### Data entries

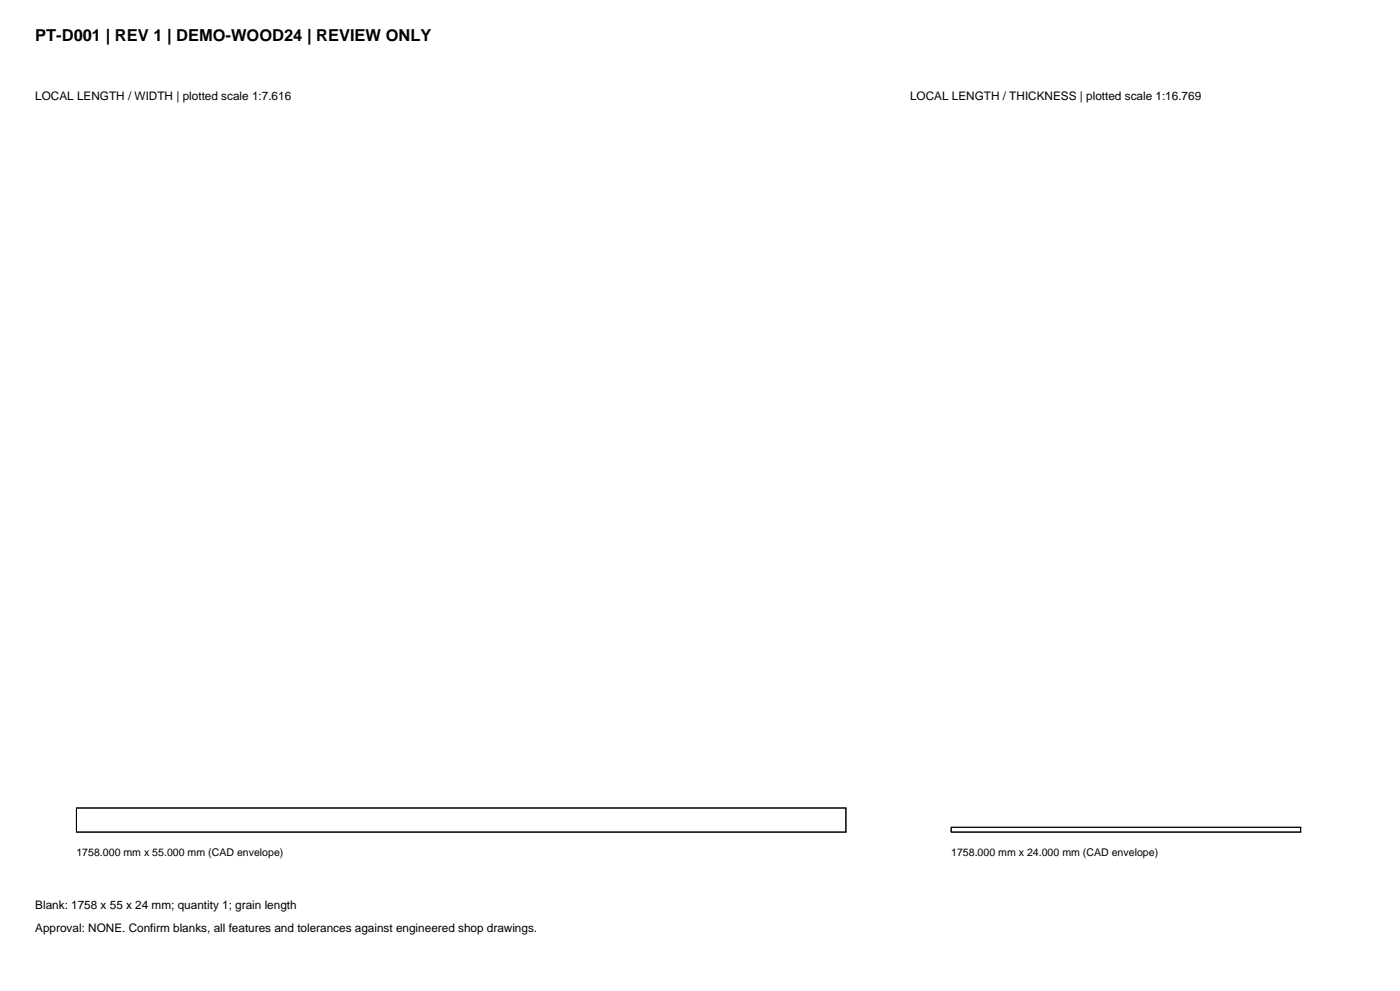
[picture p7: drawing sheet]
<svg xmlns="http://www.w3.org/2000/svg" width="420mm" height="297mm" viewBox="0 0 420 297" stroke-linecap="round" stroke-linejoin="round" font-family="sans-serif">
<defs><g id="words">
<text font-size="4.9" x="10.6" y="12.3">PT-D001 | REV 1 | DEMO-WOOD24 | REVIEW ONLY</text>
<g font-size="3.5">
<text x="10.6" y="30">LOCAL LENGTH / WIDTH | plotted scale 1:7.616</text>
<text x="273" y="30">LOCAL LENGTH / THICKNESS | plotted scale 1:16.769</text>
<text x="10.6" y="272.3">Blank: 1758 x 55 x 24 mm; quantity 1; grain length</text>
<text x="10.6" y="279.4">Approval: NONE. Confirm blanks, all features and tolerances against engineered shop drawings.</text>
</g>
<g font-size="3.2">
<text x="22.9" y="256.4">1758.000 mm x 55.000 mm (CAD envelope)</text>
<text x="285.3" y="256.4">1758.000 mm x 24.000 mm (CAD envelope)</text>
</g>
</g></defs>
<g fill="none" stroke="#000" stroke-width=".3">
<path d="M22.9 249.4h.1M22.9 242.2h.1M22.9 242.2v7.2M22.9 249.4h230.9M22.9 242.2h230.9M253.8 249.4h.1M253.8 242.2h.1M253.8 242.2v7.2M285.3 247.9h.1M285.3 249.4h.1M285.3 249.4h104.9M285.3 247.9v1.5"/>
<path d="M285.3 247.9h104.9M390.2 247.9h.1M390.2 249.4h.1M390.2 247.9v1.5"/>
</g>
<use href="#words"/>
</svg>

### Exercise directions
Please output every entry above exactly, without the pictures.

### Reply
[picture p7: drawing sheet]
<svg xmlns="http://www.w3.org/2000/svg" width="420mm" height="297mm" viewBox="0 0 420 297" stroke-linecap="round" stroke-linejoin="round" font-family="sans-serif">
<defs><g id="words">
<text font-size="4.9" x="10.6" y="12.3">PT-D001 | REV 1 | DEMO-WOOD24 | REVIEW ONLY</text>
<g font-size="3.5">
<text x="10.6" y="30">LOCAL LENGTH / WIDTH | plotted scale 1:7.616</text>
<text x="273" y="30">LOCAL LENGTH / THICKNESS | plotted scale 1:16.769</text>
<text x="10.6" y="272.3">Blank: 1758 x 55 x 24 mm; quantity 1; grain length</text>
<text x="10.6" y="279.4">Approval: NONE. Confirm blanks, all features and tolerances against engineered shop drawings.</text>
</g>
<g font-size="3.2">
<text x="22.9" y="256.4">1758.000 mm x 55.000 mm (CAD envelope)</text>
<text x="285.3" y="256.4">1758.000 mm x 24.000 mm (CAD envelope)</text>
</g>
</g></defs>
<g fill="none" stroke="#000" stroke-width=".3">
<path d="M22.9 249.4h.1M22.9 242.2h.1M22.9 242.2v7.2M22.9 249.4h230.9M22.9 242.2h230.9M253.8 249.4h.1M253.8 242.2h.1M253.8 242.2v7.2M285.3 247.9h.1M285.3 249.4h.1M285.3 249.4h104.9M285.3 247.9v1.5"/>
<path d="M285.3 247.9h104.9M390.2 247.9h.1M390.2 249.4h.1M390.2 247.9v1.5"/>
</g>
<use href="#words"/>
</svg>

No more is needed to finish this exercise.